McKinsey's global managing partner just got voted out from serving a second term. Meet the two potential contenders who'd take the helm of the $11 billion consultancy.

  • Kevin Sneader, McKinsey’s global managing partner since 2018, was voted out and will not serve a second term. 
  • About 650 senior partners participated in a three-step voting process. 
  • Here’s how the leadership structure works at McKinsey, and what we know about the leadership front-runners. 
  • Visit the Business section of Insider for more stories.

McKinsey employees have voted Kevin Sneader, its global managing partner since 2018, out of serving a second term at the consultancy. 

“Every three years, McKinsey’s senior partners elect one of their colleagues to serve as the firm’s global managing partner,” a spokesperson told Insider. “The election, which is conducted by an independent third-party firm, is now underway and we will announce the result after the election concludes.”

As first reported by the Financial Times, Bob Sternfels and Sven Smit are the top candidates for the global managing partner position; they are both senior partners and members of McKinsey’s shareholders council,  respectively based out of the global firm’s San Francisco and Amsterdam offices. 

Prior to Wednesday, insiders and alumni at McKinsey said it would be unusual for Sneader to not be re-elected again. Insiders and experts have shared that it’s tradition for the global managing partner to be reappointed. In fact, Sneader’s five predecessors — including Dominic Barton and Ian Davis — each served in this leadership role for at least six years. 

McKinsey introduced this year’s election earlier than expected, Financial Times reported. Sneader, who joined McKinsey in 1989, has served as the poster child for McKinsey’s mounting scrutiny including a $573 million settlement for boosting opioid sales during the epidemic and political tension with Russia, Saudi Arabia, Turkey, and China over its ethical standards.

But Sneader was one of the highest-rated corporate leaders on the employee review site Glassdoor in 2019. He spent his reign introducing new policies and guidelines to become more selective with the work and clients the company serves. 

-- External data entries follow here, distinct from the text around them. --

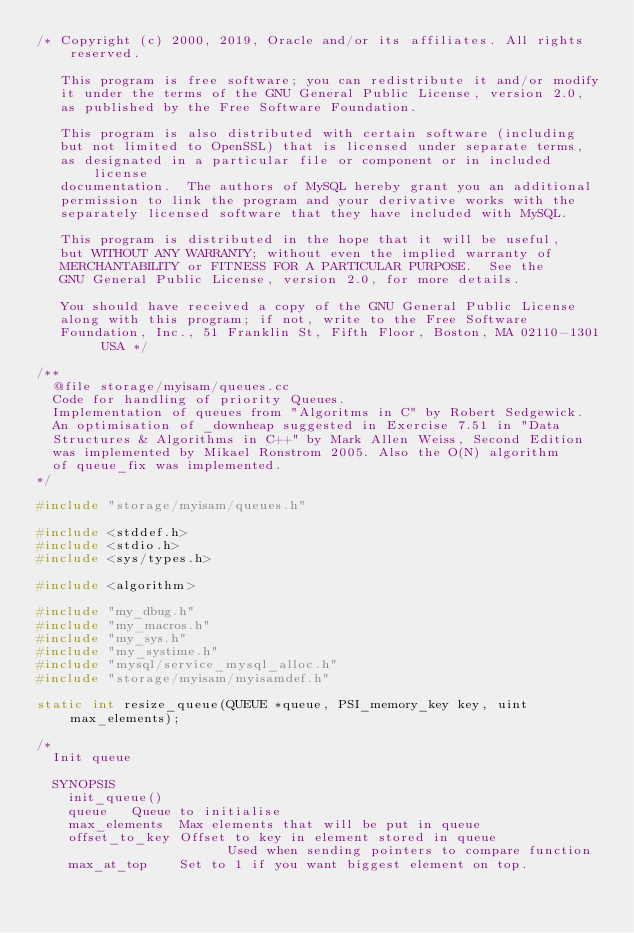Convert code to text. <code><loc_0><loc_0><loc_500><loc_500><_C++_>/* Copyright (c) 2000, 2019, Oracle and/or its affiliates. All rights reserved.

   This program is free software; you can redistribute it and/or modify
   it under the terms of the GNU General Public License, version 2.0,
   as published by the Free Software Foundation.

   This program is also distributed with certain software (including
   but not limited to OpenSSL) that is licensed under separate terms,
   as designated in a particular file or component or in included license
   documentation.  The authors of MySQL hereby grant you an additional
   permission to link the program and your derivative works with the
   separately licensed software that they have included with MySQL.

   This program is distributed in the hope that it will be useful,
   but WITHOUT ANY WARRANTY; without even the implied warranty of
   MERCHANTABILITY or FITNESS FOR A PARTICULAR PURPOSE.  See the
   GNU General Public License, version 2.0, for more details.

   You should have received a copy of the GNU General Public License
   along with this program; if not, write to the Free Software
   Foundation, Inc., 51 Franklin St, Fifth Floor, Boston, MA 02110-1301  USA */

/**
  @file storage/myisam/queues.cc
  Code for handling of priority Queues.
  Implementation of queues from "Algoritms in C" by Robert Sedgewick.
  An optimisation of _downheap suggested in Exercise 7.51 in "Data
  Structures & Algorithms in C++" by Mark Allen Weiss, Second Edition
  was implemented by Mikael Ronstrom 2005. Also the O(N) algorithm
  of queue_fix was implemented.
*/

#include "storage/myisam/queues.h"

#include <stddef.h>
#include <stdio.h>
#include <sys/types.h>

#include <algorithm>

#include "my_dbug.h"
#include "my_macros.h"
#include "my_sys.h"
#include "my_systime.h"
#include "mysql/service_mysql_alloc.h"
#include "storage/myisam/myisamdef.h"

static int resize_queue(QUEUE *queue, PSI_memory_key key, uint max_elements);

/*
  Init queue

  SYNOPSIS
    init_queue()
    queue		Queue to initialise
    max_elements	Max elements that will be put in queue
    offset_to_key	Offset to key in element stored in queue
                        Used when sending pointers to compare function
    max_at_top		Set to 1 if you want biggest element on top.</code> 
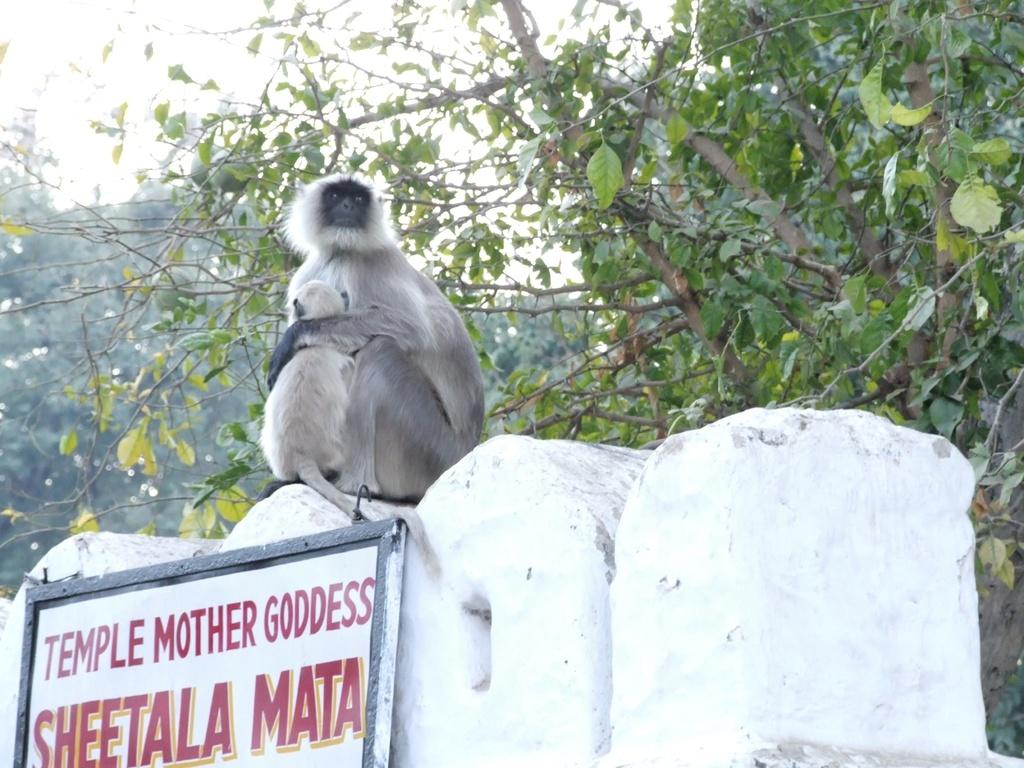How many monkeys are in the image? There are two monkeys in the image. Where are the monkeys located? The monkeys are sitting on a temple wall. What can be seen in the background of the image? Many branches of a tree are visible in the image. What type of baseball equipment can be seen in the image? There is no baseball equipment present in the image. How many bears are visible in the image? There are no bears present in the image. 
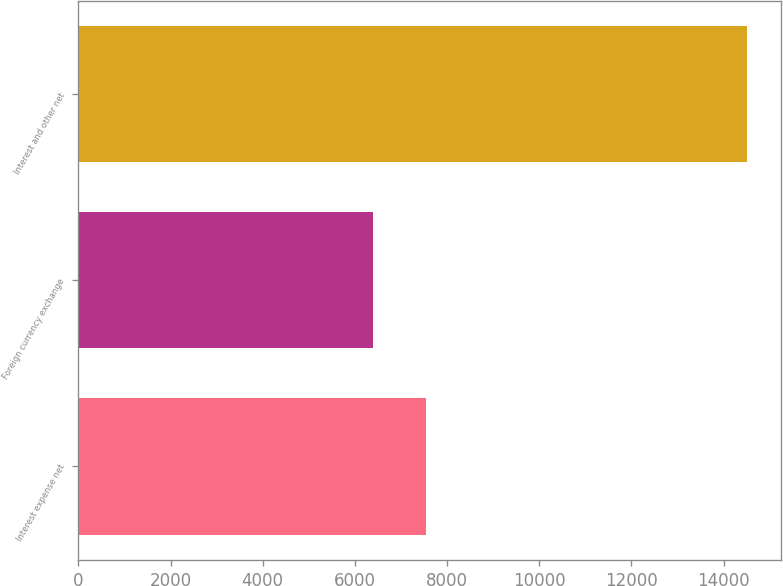Convert chart. <chart><loc_0><loc_0><loc_500><loc_500><bar_chart><fcel>Interest expense net<fcel>Foreign currency exchange<fcel>Interest and other net<nl><fcel>7539<fcel>6397<fcel>14515<nl></chart>

“The McKinsey I know is not perfect,” he previously wrote in an op-ed on CNBC. “But the McKinsey I know is a firm that attracts talented people who are passionate about helping others achieve their professional and personal goals… A firm that is committed to change and improve. This is the McKinsey I hope the world gets to know.”

Among over 30,000 global employees, about 650 senior partners (who reportedly represent a younger generation of partners than previous years) are electing one of their colleagues to take the helm of the over $11 billion uber-consultancy. 

McKinsey’s future leader

The front-runners have both spent over 20 years in a variety of leadership roles at McKinsey. 

Sternfels ran the firm’s US operations practice and its private equity and investing global practice. He’s also a member of the shareholders council, a company entity that functions similarly to a board of directors. The senior partner is described as a protégé of Dominic Barton, McKinsey’s former leader from 2009 to 2018, The Wall Street Journal reported.

Senior partner Sven Smit works out of the Amsterdam office, and he’s also a shareholders council member. He held titles like McKinsey’s strategy and corporate finance lead, Western Europe division’s lead, and cochairman of the McKinsey Global Institute (MGI), the firm’s economics research arm.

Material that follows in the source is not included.